The captain of the ship became the immediate target of blame after denying that he had rushed to get off before the passengers and was only in a lifeboat because he ‘fallen’ into it and was simply unable to get back on board as he wanted to. He also claimed the rocks he steered the ship onto and which ripped its hull open were not on his map. Reports followed that he might have been drinking or was showing off, possibly to a mystery woman, and that he had delayed getting the passengers off for an hour.

Costa Cruises, which operates a large number of similar ships and whose parent company, Carnival Corporation, owns 10 cruise providers, was quick to join in. The day after the incident, after noting that “the investigation is ongoing”, the company was nonetheless able to conclude “preliminary indications are that there may have been significant human error on the part of the ship’s Master, Captain Francesco Schettino, which resulted in these grave consequences. The route of the vessel appears to have been too close to the shore, and the Captain’s judgement in handling the emergency appears to have not followed standard Costa procedures.”

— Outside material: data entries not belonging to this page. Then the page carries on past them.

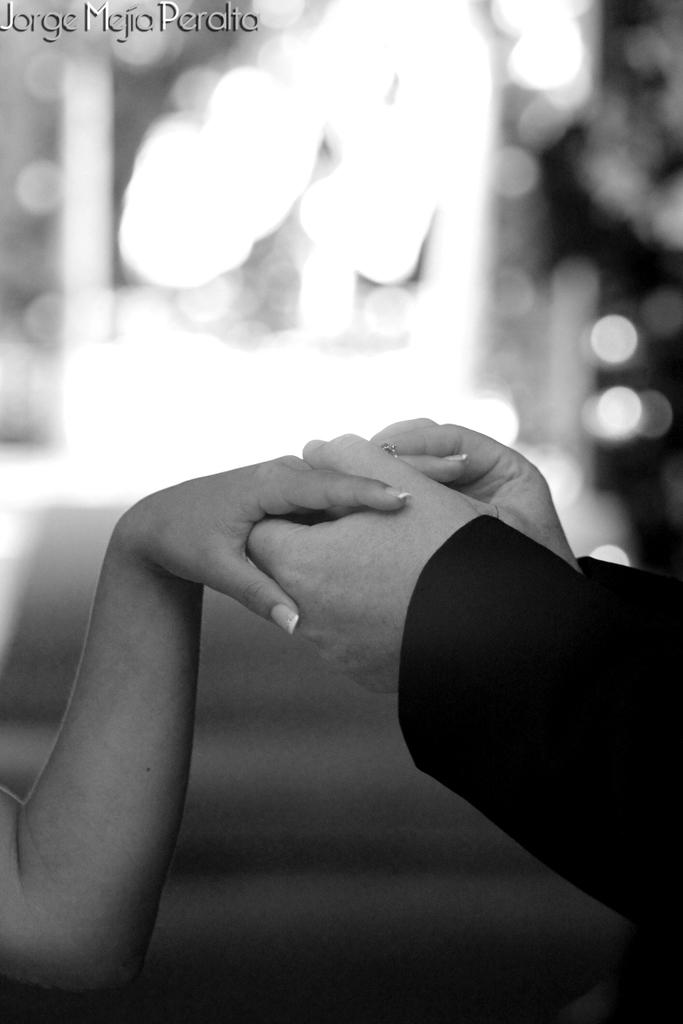What is happening between the two people in the image? There is a person holding another person's hand in the image. What can be observed about the background of the image? The background of the image is blurred. Is there any additional information or marking present in the image? Yes, there is a watermark in the image. What type of orange is being held by the person in the image? There is no orange present in the image; it features two people holding hands. How many thumbs can be seen in the image? It is difficult to determine the exact number of thumbs visible in the image due to the blurred background. What type of shade is covering the person in the image? There is no shade covering the person in the image; the background is blurred, but no shade is mentioned or visible. 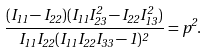<formula> <loc_0><loc_0><loc_500><loc_500>\frac { ( I _ { 1 1 } - I _ { 2 2 } ) ( I _ { 1 1 } I _ { 2 3 } ^ { 2 } - I _ { 2 2 } I _ { 1 3 } ^ { 2 } ) } { I _ { 1 1 } I _ { 2 2 } ( I _ { 1 1 } I _ { 2 2 } I _ { 3 3 } - 1 ) ^ { 2 } } = p ^ { 2 } .</formula> 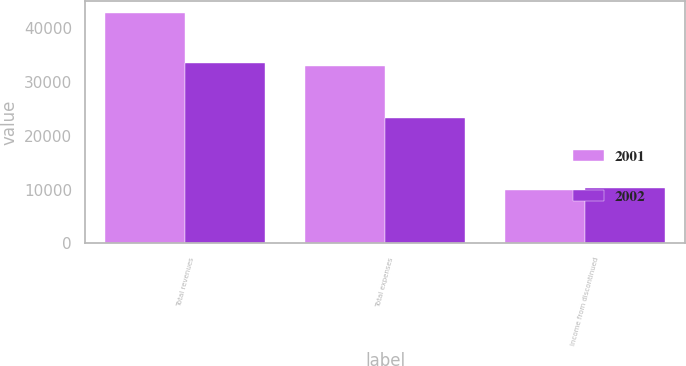<chart> <loc_0><loc_0><loc_500><loc_500><stacked_bar_chart><ecel><fcel>Total revenues<fcel>Total expenses<fcel>Income from discontinued<nl><fcel>2001<fcel>42831<fcel>32947<fcel>9884<nl><fcel>2002<fcel>33612<fcel>23270<fcel>10342<nl></chart> 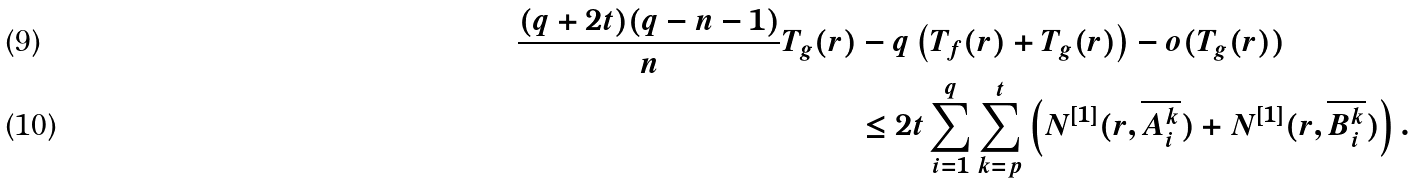<formula> <loc_0><loc_0><loc_500><loc_500>\frac { ( q + 2 t ) ( q - n - 1 ) } { n } T _ { g } ( r ) & - q \left ( T _ { f } ( r ) + T _ { g } ( r ) \right ) - o ( T _ { g } ( r ) ) \\ & \leq 2 t \sum _ { i = 1 } ^ { q } \sum _ { k = p } ^ { t } \left ( N ^ { [ 1 ] } ( r , \overline { A _ { i } ^ { k } } ) + N ^ { [ 1 ] } ( r , \overline { B _ { i } ^ { k } } ) \right ) .</formula> 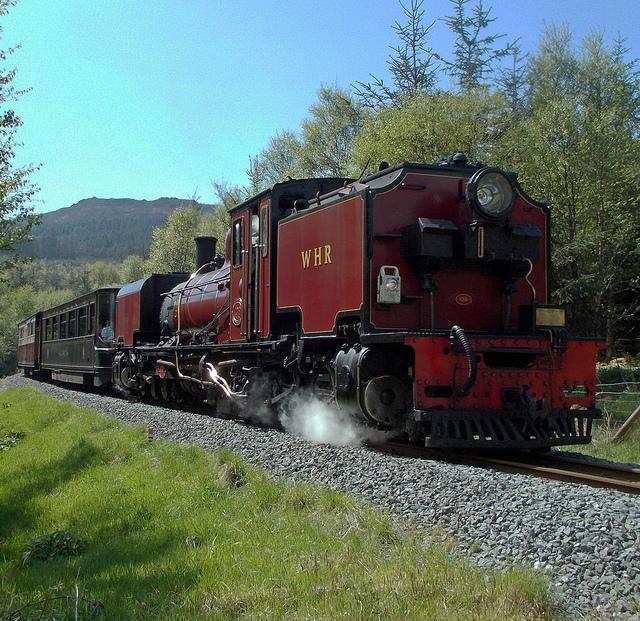Is this train moving?
Keep it brief. Yes. How many tracks are seen?
Short answer required. 1. What are the letters on the train engine?
Be succinct. Whr. What color is the train engine?
Give a very brief answer. Red. What is under the train?
Be succinct. Tracks. What color is the train?
Give a very brief answer. Red. What is the name of the engine?
Short answer required. Whr.

Whatever blame the Captain may or may not deserve, it is clear that there are wider issues. Concerns had already been raised about the design of the current generation of cruise ships[1] by Nautilus International, a maritime trade union, with safety being compromised for commercial reasons. For example, shallow draughts allow passengers to board easily, but can cause stability problems in certain circumstances. The Costa floated 13 storeys with only 8 metres of hull underwater. The ship was little more than a floating tower block, albeit one with gaudy glamour (such as copy of the ceiling of the Sistine Chapel in the dining room) whose sole purpose is make profits.[2]

This practice seems widespread in the cruise industry as more and more people are crammed on to more and more decks with the addition of swimming pools, shopping malls and other ‘amenities’ to ease the money from their pockets. The next generation of ships may carry 6,000 people with crews of 1,800; the latter no doubt recruited from poor countries where workers are willing to accept low wages and poor conditions just to have a job. Fear of unemployment prevents workers from raising fears about safety or complaining about poor training. On the Costa Concordia a full evacuation drill had not been carried out; the crew seemed unclear what to do (apparently telling passengers to return to their rooms where they may have been unable to escape) and there may have been unregistered passengers on board. The company itself seems to have encouraged the practice of ‘salutes’ with ships sailing very close to the shore.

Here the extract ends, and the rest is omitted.